Blende

Die Blende reguliert die Lichtmenge, die auf den Sensor fällt. Ist die Blende vollständig geöffnet, fällt sehr viel Licht hindurch. Je mehr die Blende geschlossen ist, desto weniger Licht kann auf den Sensor fallen. Die Blende ist zumeist ein mechanisches System, welches aus kreisförmig angeordneten Lamellen besteht, die sich übereinander verschieben um den Lichtdurchlass zu verkleinern oder zu erweitern.

Häufig kommt es in Bezug auf die Blende zu Verwirrungen, da es verschiedene Darstellungsarten gibt.

Im eigentlichen Sinne wird die Blende durch einen Bruch angegeben, den sogenannten Blendenwert. Dieser wird entweder als 1/Blendenzahl oder f/Blendenzahl angegeben. Manche Kamerahersteller geben aber nur die Blendenzahl selbst auf den Objektiven an.

Folgende Blendenzahlen gehören zur internationalen Standard-Blendenreihe:

1 | 1,4 | 2 | 2,8 | 4 | 5,6 | 8 | 11 | 16 | 22 | 32 | 45 | 64 | 90

Üblicherweise haben normale Objektive eine maximale Blendenzahl von 22, einige spezielle Ausführungen verwenden höhere Blendenzahlen.

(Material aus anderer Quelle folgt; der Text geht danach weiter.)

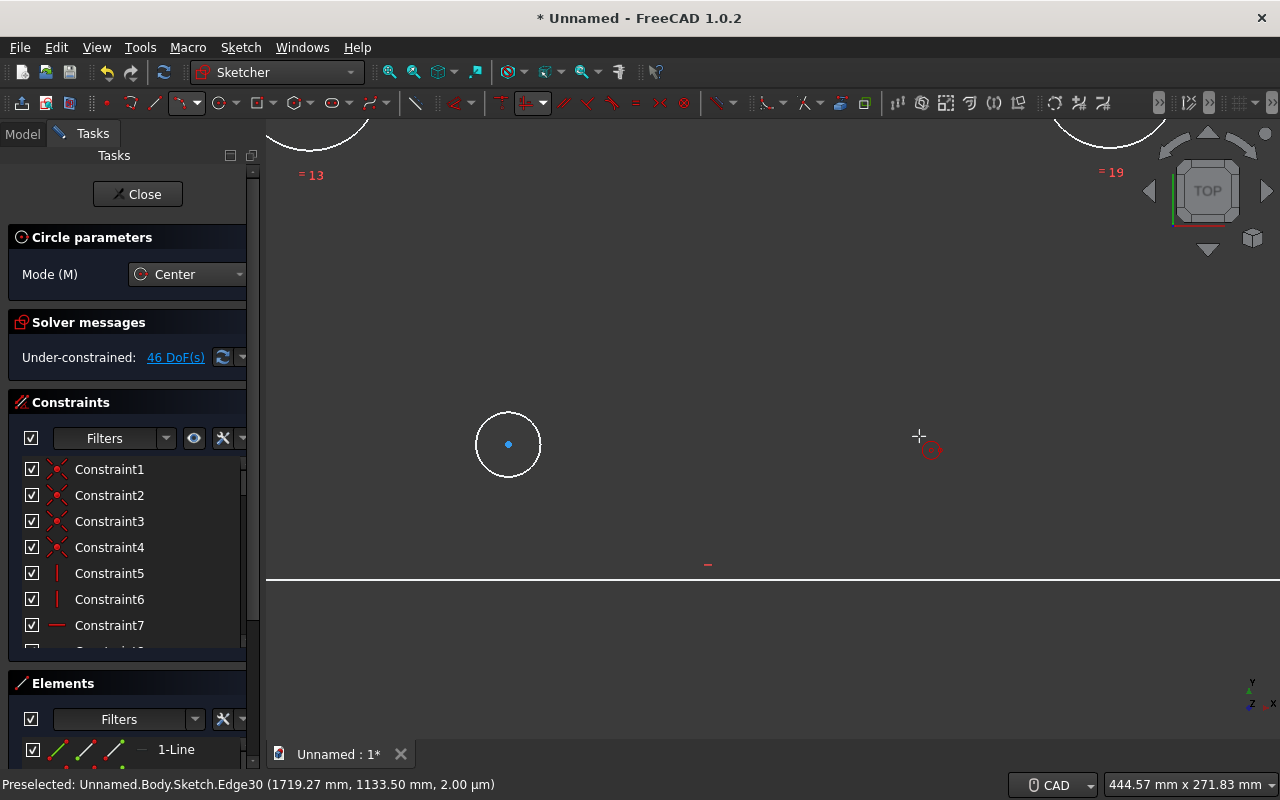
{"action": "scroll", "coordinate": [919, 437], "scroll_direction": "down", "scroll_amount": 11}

Wenn von Blende 4 die Rede ist, ist eigentlich 1/4 oder f/4 gemeint. Die Darstellung als Bruch vereinfacht das Verständnis für die Blende. Wie aus der Mathematik bekannt, bewirkt eine Vergrösserung des Wertes unter dem Bruchstrich eine Verkleinerung der Zahl. 1/16 ist eine kleinere Zahl als 1/4. Ebenso bewirkt eine Vergrösserung der Blendenzahl eine Verringerung des Lichtdurchfalls durch die Blende. Bei einer Blendenzahl 16 ist die Blende deutlich geschlossener als bei Blendenzahl 4, es kommt also weniger Licht durch die Blendenöffnung.

Zu merken gilt:

  • Blendenwert = 1/Blendenzahl
  • Je kleiner der Blendenwert, desto weniger Licht fällt durch die Blende
  • Je grösser der Blendenwert, desto mehr Licht fällt durch die Blende

Je nach dem verfügbaren Umgebungslicht sollte man eine passende Blende wählen. Ist wenig Licht vorhanden, sollte man einen grossen Blendenwert wählen, um möglichst viel Licht durch die offene Blende auf den Sensor zu leiten. Ist es jedoch sehr hell, kann man den Lichteinfall mit einem kleinen Blendenwert regulieren. Bei einem kleinen Blendenwert ist die Blende geschlossener und lässt weniger Licht auf den Sensor. Durch die Wahl der Blende vermeidet man also Über- und Unterbelichtung von Fotos.

Die Wahl der Blende beeinflusst einige andere Faktoren der Fotografie. Wählt man einen grossen Blendenwert (also eine Blende mit kleiner Blendenzahl), dann ist die Blende weit geöffnet. Dementsprechend fällt mehr Licht auf den Sensor, was die Verwendung kurze Belichtungszeiten möglich macht. Fällt durch die Verwendung eines kleinen Blendenwertes wenig Licht auf den Sensor, muss man das Bild entsprechend lang belichten, um ein gutes Resultat zu erzielen.